Assessing fruit production and harvesting effects on Carapa procera DC. population, a threatened oil tree in Burkina Faso, West Africa
Article
  • Jul 2021
The exploitation of non-timber forest products contribute considerably to local livelihoods for subsistence in developing countries. The study aims to assess the structure and fruit production of C. procera natural populations in harvesting and non-harvesting sites and to compare the structure characteristics and fruits yields of the two sites. The study was carried out in Burkina Faso on both, harvesting and non-harvesting sites. Eighty fruits bearing trees (40 per site) were sampled, from each, all the fruits were counted. Dendrometric parameters were measured in 80 plots of 1000 m². In each plot, diameter at breast height (dbh) and total height of trees were measured. Density, basal area, mean diameter and height were computed for each site. Analyses of variance were performed to test differences between sites based on measured variables. Weibull theoretical model was used on size class distribution to analyze trees structure in both sites.

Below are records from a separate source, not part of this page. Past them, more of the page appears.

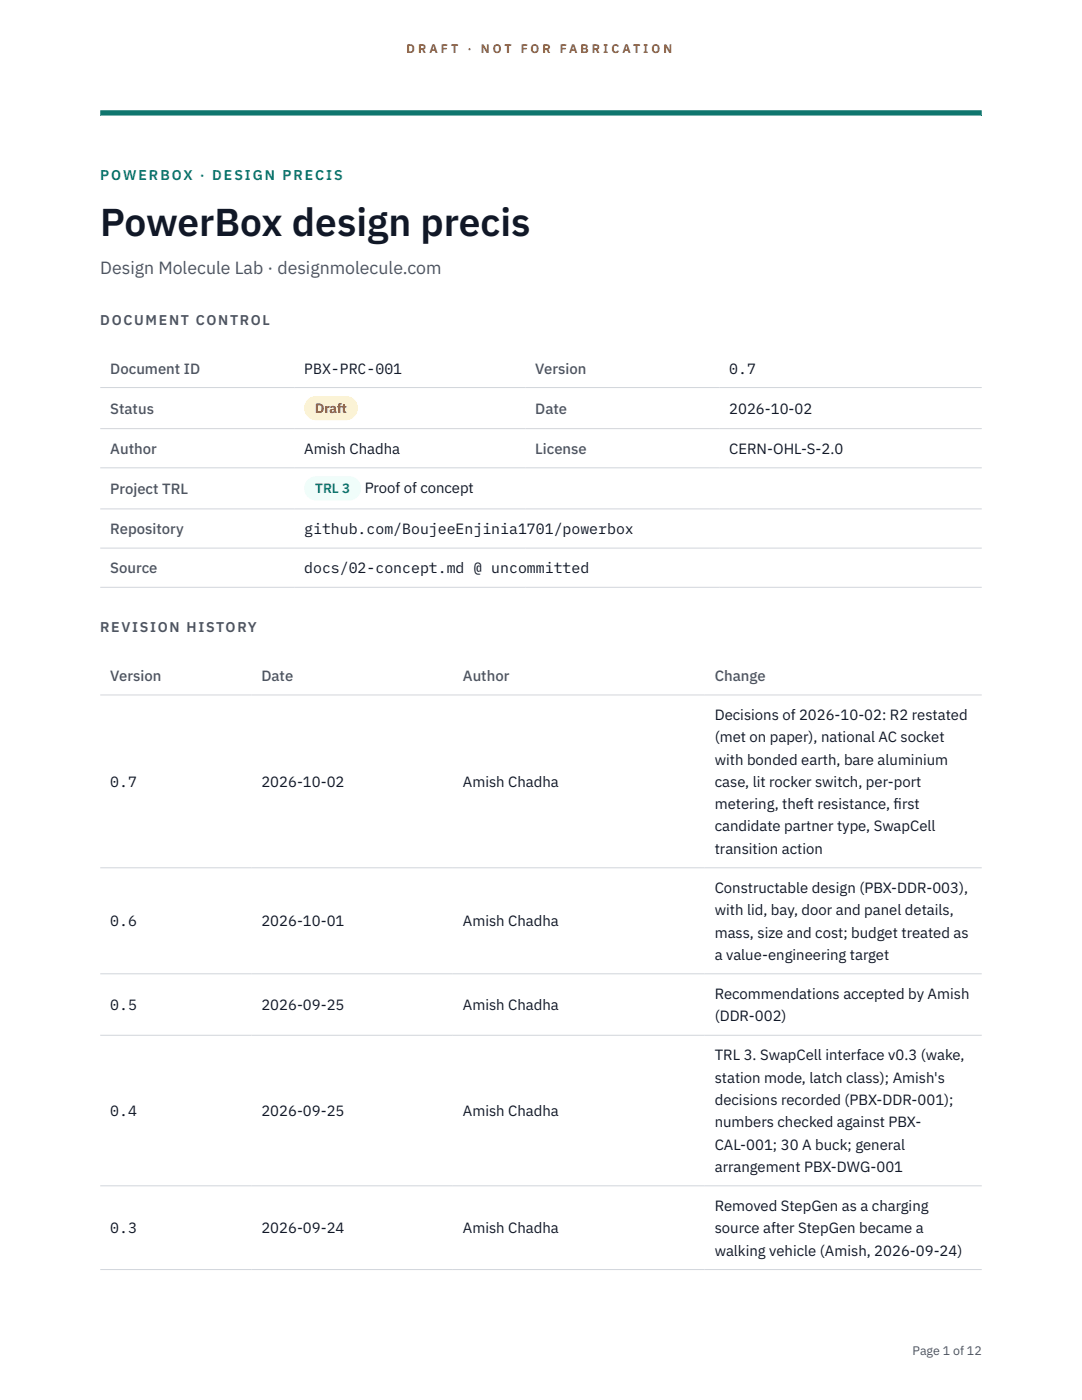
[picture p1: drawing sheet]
<svg xmlns="http://www.w3.org/2000/svg" width="216mm" height="279mm" viewBox="0 0 216 279" stroke-linecap="round" stroke-linejoin="round" font-family="sans-serif">
<defs><g id="words">
<text font-size="7.8" fill="#111827" x="20" y="47.1">PowerBox design precis</text>
<text font-size="3.5" fill="#4b5563" x="20" y="54.6">Design Molecule Lab · designmolecule.com</text>
<g font-size="3" fill="#4b5563">
<text x="22" y="74.5">Document ID</text>
<text x="106.8" y="74.5">Version</text>
<text x="22" y="82.6">Status</text>
<text x="106.8" y="82.6">Date</text>
<text x="22" y="90.6">Author</text>
<text x="106.8" y="90.6">License</text>
<text x="22" y="98.6">Project TRL</text>
<text x="22" y="106.6">Repository</text>
<text x="22" y="114.4">Source</text>
<text x="22" y="135.9">Version</text>
<text x="52.2" y="135.9">Date</text>
<text x="92.4" y="135.9">Author</text>
<text x="142.6" y="135.9">Change</text>
</g>
<g font-size="3" fill="#111827">
<text x="60.7" y="74.5">PBX-PRC-001</text>
<text x="145.5" y="74.5">0.7</text>
<text x="145.5" y="82.6">2026-10-02</text>
<text x="60.7" y="90.6">Amish Chadha</text>
<text x="145.5" y="90.6">CERN-OHL-S-2.0</text>
<text x="72.8" y="98.5">Proof of concept</text>
<text x="60.7" y="106.6">github.com/BoujeeEnjinia1701/powerbox</text>
<text x="60.7" y="114.4">docs/02-concept.md @ uncommitted</text>
<text x="142.6" y="143.7">Decisions of 2026-10-02: R2 restated</text>
<text x="142.6" y="148.2">(met on paper), national AC socket</text>
<text x="142.6" y="152.6">with bonded earth, bare aluminium</text>
<text x="22" y="157.1">0.7</text>
<text x="52.2" y="157.1">2026-10-02</text>
<text x="92.4" y="157.1">Amish Chadha</text>
<text x="142.6" y="157.1">case, lit rocker switch, per-port</text>
<text x="142.6" y="161.5">metering, theft resistance, f</text>
<text x="178.3" y="161.5">irst</text>
<text x="142.6" y="165.9">candidate partner type, SwapCell</text>
<text x="142.6" y="170.4">transition action</text>
<text x="142.6" y="178.2">Constructable design (PBX-DDR-003),</text>
<text x="22" y="184.9">0.6</text>
<text x="52.2" y="184.9">2026-10-01</text>
<text x="92.4" y="184.9">Amish Chadha</text>
<text x="142.6" y="182.7">with lid, bay, door and panel details,</text>
<text x="142.6" y="187.1">mass, size and cost; budget treated as</text>
<text x="142.6" y="191.5">a value-engineering target</text>
<text x="22" y="201.6">0.5</text>
<text x="52.2" y="201.6">2026-09-25</text>
<text x="92.4" y="201.6">Amish Chadha</text>
<text x="142.6" y="199.4">Recommendations accepted by Amish</text>
<text x="142.6" y="203.8">(DDR-002)</text>
<text x="142.6" y="211.6">TRL 3. SwapCell interface v0.3 (wake,</text>
<text x="142.6" y="216.1">station mode, latch class); Amish's</text>
<text x="142.6" y="220.5">decisions recorded (PBX-DDR-001);</text>
<text x="22" y="222.7">0.4</text>
<text x="52.2" y="222.7">2026-09-25</text>
<text x="92.4" y="222.7">Amish Chadha</text>
<text x="142.6" y="225">numbers checked against PBX-</text>
<text x="142.6" y="229.4">CAL-001; 30 A buck; general</text>
<text x="142.6" y="233.9">arrangement PBX-DWG-001</text>
<text x="142.6" y="241.7">Removed StepGen as a charging</text>
<text x="22" y="246.1">0.3</text>
<text x="52.2" y="246.1">2026-09-24</text>
<text x="92.4" y="246.1">Amish Chadha</text>
<text x="142.6" y="246.1">source after StepGen became a</text>
<text x="142.6" y="250.6">walking vehicle (Amish, 2026-09-24)</text>
</g>
<text font-size="2.8" fill="#0f766e" x="20" y="36">POWERBOX · DESIGN PRECIS</text>
<g font-size="2.8" fill="#4b5563">
<text x="20" y="64.8">DOCUMENT CONTROL</text>
<text x="20" y="126.2">REVISION HISTORY</text>
</g>
<text font-size="2.7" fill="#92400e" x="62.9" y="82.5">Draft</text>
<text font-size="2.7" fill="#0f766e" x="62.9" y="98.5">TRL 3</text>
<g font-size="2.5" fill="#b45309">
<text x="81.1" y="10.5">D R A F T</text>
<text x="93.3" y="10.5">·</text>
<text x="95.9" y="10.5">N O T</text>
<text x="103.9" y="10.5">F O R</text>
<text x="111.7" y="10.5">F A B R I C A T I O N</text>
</g>
<text font-size="2.5" fill="#4b5563" x="182.1" y="270.3">Page 1 of 12</text>
</g></defs>
<path d="M20 23.1h175.9zM20 22h175.9v1.1h-175.9z" fill-rule="evenodd" fill="#0f766e"/>
<path d="M20 77.3h175.9M20 85.5h175.9M20 93.4h175.9M20 101.6h175.9M20 109.4h175.9M20 117.2h175.9M20 138.7h175.9M20 173.2h175.9M20 194.3h175.9M20 206.6h175.9M20 236.7h175.9M20 253.4h175.9" fill="none" stroke="#d1d5db" stroke-width=".2"/>
<path d="M60.7 79h10.7v4.9h-10.7z" fill="#fef3c7"/>
<path d="M60.7 95.1h11.4v4.8h-11.4z" fill="#f0fdfa"/>
<use href="#words"/>
</svg>

The results showed that the production of fruits reach a mean of 6462.73 ± 4237.51 fruits/ha and 9103.44 ± 7631.88 fruits/ha, respectively in non-harvesting and harvesting site. Significant differences (p < 0.05) were found for tree densities, basal area and tree height between sites with highest values in the harvesting site. The size class distribution of trees showed in both sites the existing of potential regeneration with the dominance of young trees (1 < c < 2) with some survival difficulties during the growth stages. C. procera populations exhibit a high potential of fruit production and natural regeneration but are influenced by pressures impact.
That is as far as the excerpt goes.